Fibro Facts, our newest series on Inspired Living with Fibromyalgia, is a series of illustrated facts about Fibromyalgia. The goal is to help increase awareness and understanding for the millions of people living with Fibromyalgia throughout the world and to help people recently diagnosed learn a bit more about Fibromyalgia!
Fibro Fact #5: Widespread Pain Index (WPI), New Criteria for Diagnosing Fibromyalgia, Needs to be between 3 and 7 depending on SS score
In 2010 the American College of Rheumatology developed the new criteria for diagnosing Fibromyalgia with the hope that it will help ensure appropriate diagnosis in a timelier manner than previously. The new criteria are the Widespread Pain Index (WPI) and the Symptom Severity Score (SS). These new criteria are in addition to the previous criteria of Tender Points and Quadrant Pain.
If you would like to learn more about Quadrant Pain and Tender Points, please click the links attached to the words Quadrant Pain and Tender Points. This will take you to previous posts that explain them and have cool graphics to boot!
Today, I’m going to focus on the new criteria called the Widespread Pain Index, but it is tied to the Symptom Severity Score, which I will be posting about tomorrow. Basically, the WPI Index lists 19 parts of your body and asks you which areas you have had pain in the last week.
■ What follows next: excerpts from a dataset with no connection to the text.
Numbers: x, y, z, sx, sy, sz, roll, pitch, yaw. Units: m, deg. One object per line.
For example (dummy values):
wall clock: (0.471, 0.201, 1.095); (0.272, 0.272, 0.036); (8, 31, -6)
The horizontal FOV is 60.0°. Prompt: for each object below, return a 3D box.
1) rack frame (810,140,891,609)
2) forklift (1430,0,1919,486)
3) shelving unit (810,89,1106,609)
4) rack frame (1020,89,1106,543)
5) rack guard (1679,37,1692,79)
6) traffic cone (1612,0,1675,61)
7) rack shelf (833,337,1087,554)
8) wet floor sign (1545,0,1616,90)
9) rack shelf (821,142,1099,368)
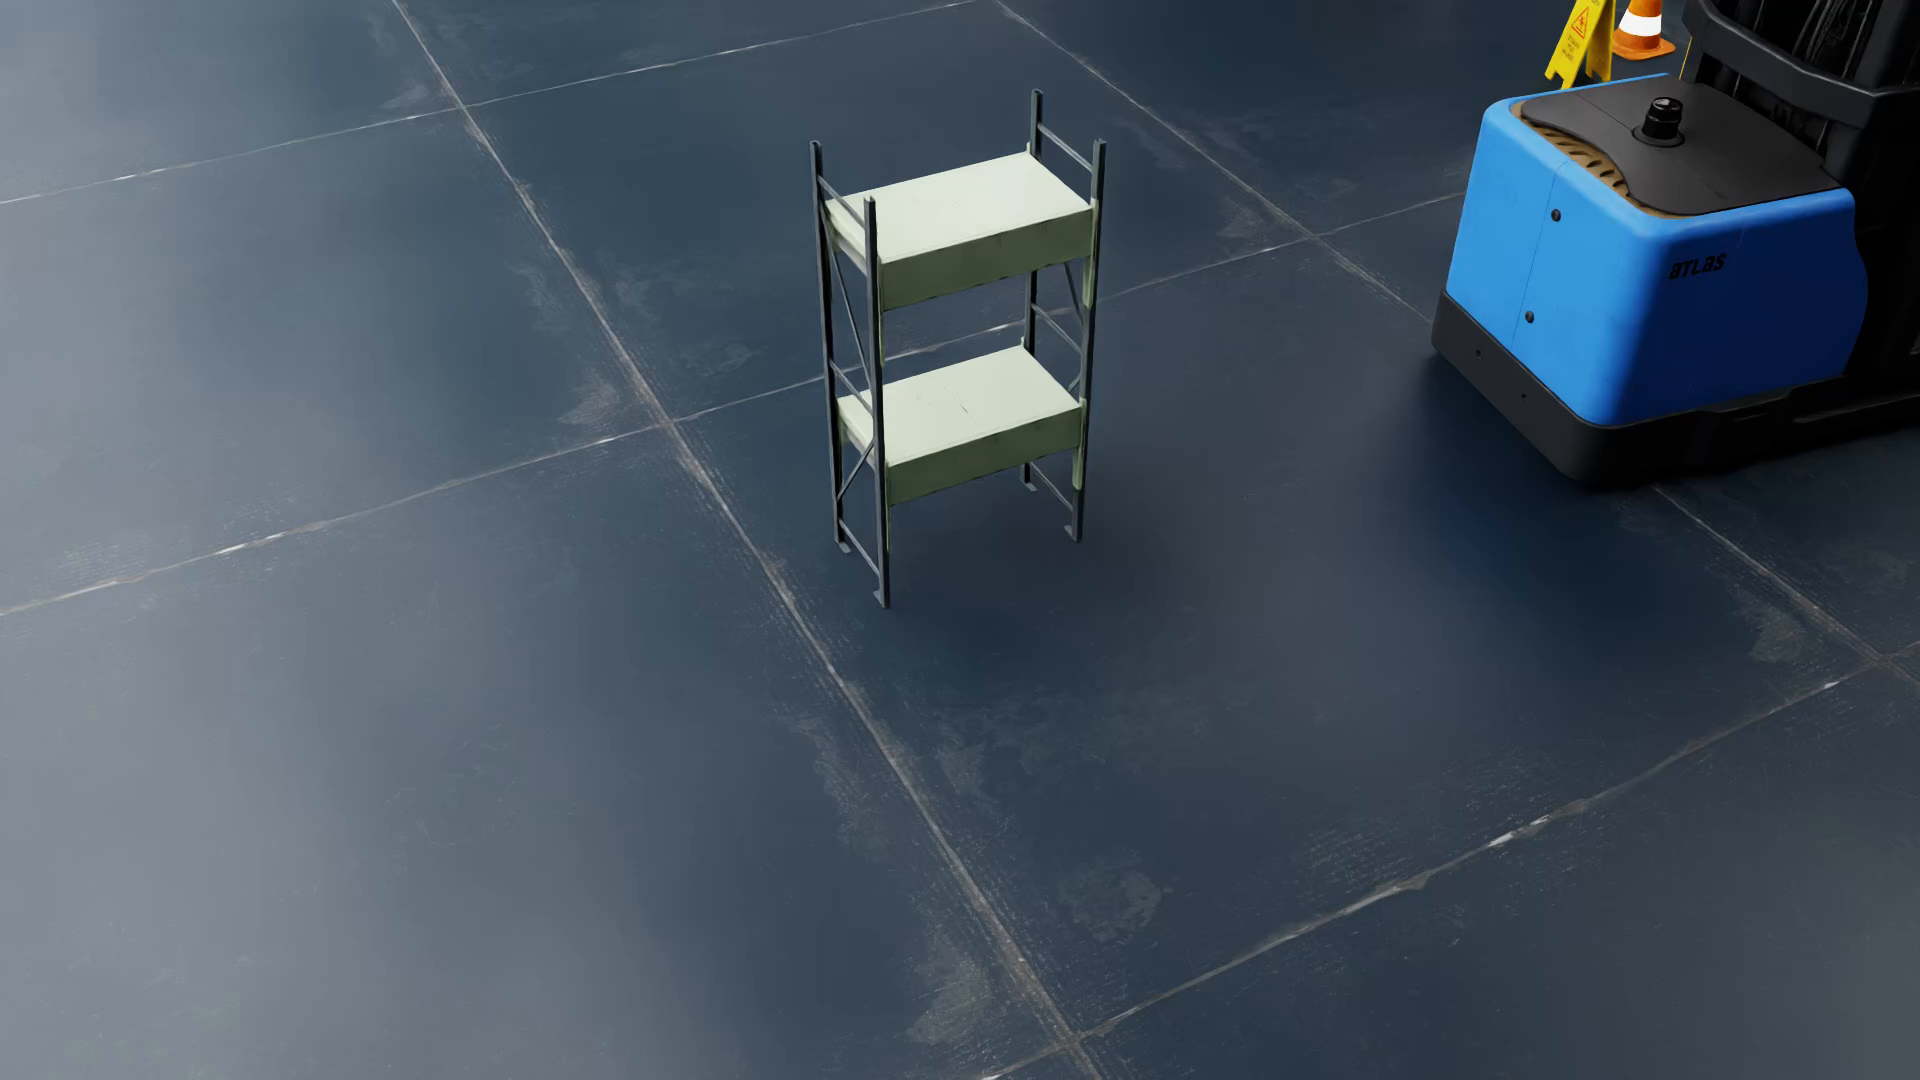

The overall pain of Fibromyalgia, must still last for over 3 months, but by doing weekly assessments, your doctor will be able to diagnose you more quickly and determine how well current treatments are working.
The WPI scale is intended to help by adding some flexibility to the tender point exam and attempt to correct the major flaw of the tender point test. The biggest weakness of the Tender Point Test is that a person’s pain threshold can fluctuate, meaning that the exact same person can have different levels of pain in different areas at different times.
The range for the WPI index score is 0 to 19. You get one point for each area that you have had pain over the last week for the following areas:
Shoulder girdle, left
Shoulder girdle, right
Upper arm, left
Upper arm, right
Lower arm, left
Lower arm, right
Hip (buttock) left
Hip (buttock) right
Upper leg left
Upper leg right
Lower leg left
Lower leg right
So for instance, if you have pain in your neck, one shoulder, both upper arms and both lower legs, your score would be 6, which depending on your SS score (which will be explained tomorrow) may lead to a diagnosis of Fibromyalgia. When determining which areas are painful, you are also asked to consider your pain or symptoms from other known illnesses like arthritis, Lupus, etc. and NOT count that pain.
A lot of research was done to develop the new criteria of the WPI Index and the SS score and the new criteria when combined with the previous criteria are estimated to be 88% accurate for diagnosis, which should help decrease the amount of time Fibromyalgia takes to get diagnosed and help monitor how well treatments are working.